## Work item:
Working from the data below, write out exactly the lines from its first through the line that contains "The horizontal FOV is 71.1°.", both ends included and pictures omitted.

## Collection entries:
════════════════════
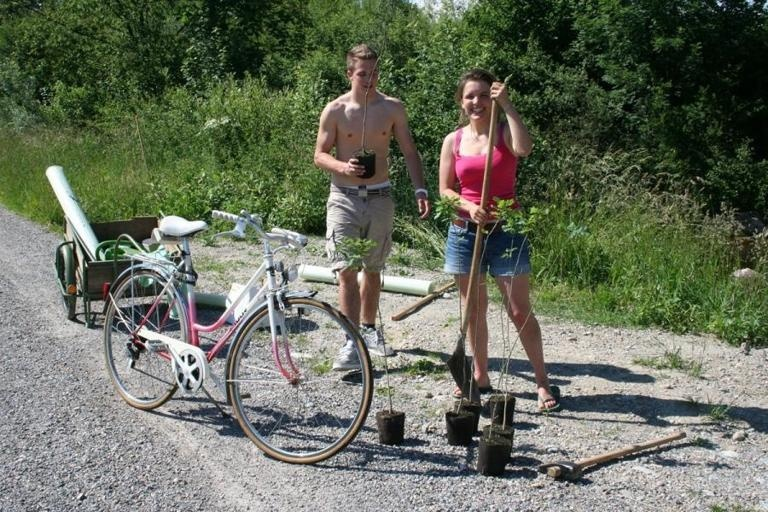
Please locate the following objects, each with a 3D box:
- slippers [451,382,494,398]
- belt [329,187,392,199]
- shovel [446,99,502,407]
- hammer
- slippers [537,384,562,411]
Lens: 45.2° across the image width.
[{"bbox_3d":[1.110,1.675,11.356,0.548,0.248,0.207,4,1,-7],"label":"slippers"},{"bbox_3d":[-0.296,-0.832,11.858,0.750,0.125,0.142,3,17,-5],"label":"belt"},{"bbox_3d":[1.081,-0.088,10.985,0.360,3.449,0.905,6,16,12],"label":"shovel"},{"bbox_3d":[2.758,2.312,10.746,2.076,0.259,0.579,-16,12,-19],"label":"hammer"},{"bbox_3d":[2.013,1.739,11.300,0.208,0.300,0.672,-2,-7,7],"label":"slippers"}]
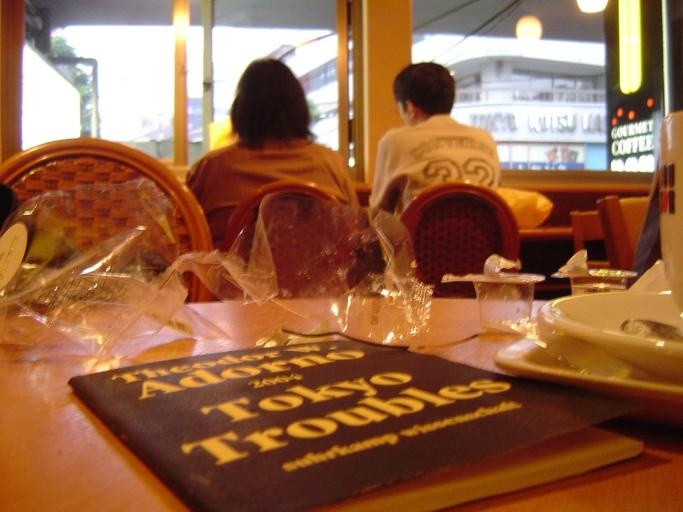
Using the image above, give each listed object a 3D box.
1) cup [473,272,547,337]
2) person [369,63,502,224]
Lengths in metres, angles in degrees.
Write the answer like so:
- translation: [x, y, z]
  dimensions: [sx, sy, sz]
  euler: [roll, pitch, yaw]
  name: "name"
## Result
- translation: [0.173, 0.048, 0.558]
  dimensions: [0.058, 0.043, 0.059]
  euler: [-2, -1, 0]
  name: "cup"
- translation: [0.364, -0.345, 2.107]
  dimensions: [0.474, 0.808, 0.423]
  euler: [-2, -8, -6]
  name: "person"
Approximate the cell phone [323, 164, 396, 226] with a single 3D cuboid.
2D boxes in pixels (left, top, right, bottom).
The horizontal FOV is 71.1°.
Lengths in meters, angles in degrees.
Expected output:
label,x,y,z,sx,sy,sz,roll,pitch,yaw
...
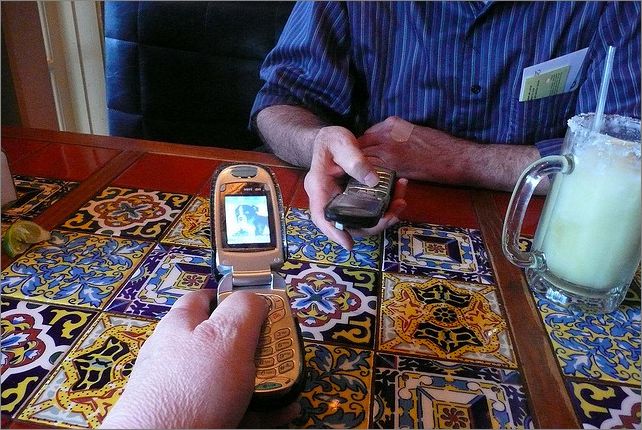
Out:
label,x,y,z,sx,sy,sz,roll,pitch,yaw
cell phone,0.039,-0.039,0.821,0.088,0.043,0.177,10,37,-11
════════════════════
## Response area:
Please locate the following objects, each with a 3D box:
- slippers [451,382,494,398]
- belt [329,187,392,199]
- shovel [446,99,502,407]
- hammer
- slippers [537,384,562,411]
Lens: 45.2° across the image width.
[{"bbox_3d":[1.110,1.675,11.356,0.548,0.248,0.207,4,1,-7],"label":"slippers"},{"bbox_3d":[-0.296,-0.832,11.858,0.750,0.125,0.142,3,17,-5],"label":"belt"},{"bbox_3d":[1.081,-0.088,10.985,0.360,3.449,0.905,6,16,12],"label":"shovel"},{"bbox_3d":[2.758,2.312,10.746,2.076,0.259,0.579,-16,12,-19],"label":"hammer"},{"bbox_3d":[2.013,1.739,11.300,0.208,0.300,0.672,-2,-7,7],"label":"slippers"}]
Using the image above, give each listed object a 3D box.
1) cup [473,272,547,337]
2) person [369,63,502,224]
Lengths in metres, angles in degrees.
Write the answer like so:
- translation: [x, y, z]
  dimensions: [sx, sy, sz]
  euler: [roll, pitch, yaw]
  name: "name"
## Result
- translation: [0.173, 0.048, 0.558]
  dimensions: [0.058, 0.043, 0.059]
  euler: [-2, -1, 0]
  name: "cup"
- translation: [0.364, -0.345, 2.107]
  dimensions: [0.474, 0.808, 0.423]
  euler: [-2, -8, -6]
  name: "person"
Approximate the cell phone [323, 164, 396, 226] with a single 3D cuboid.
2D boxes in pixels (left, top, right, bottom).
The horizontal FOV is 71.1°.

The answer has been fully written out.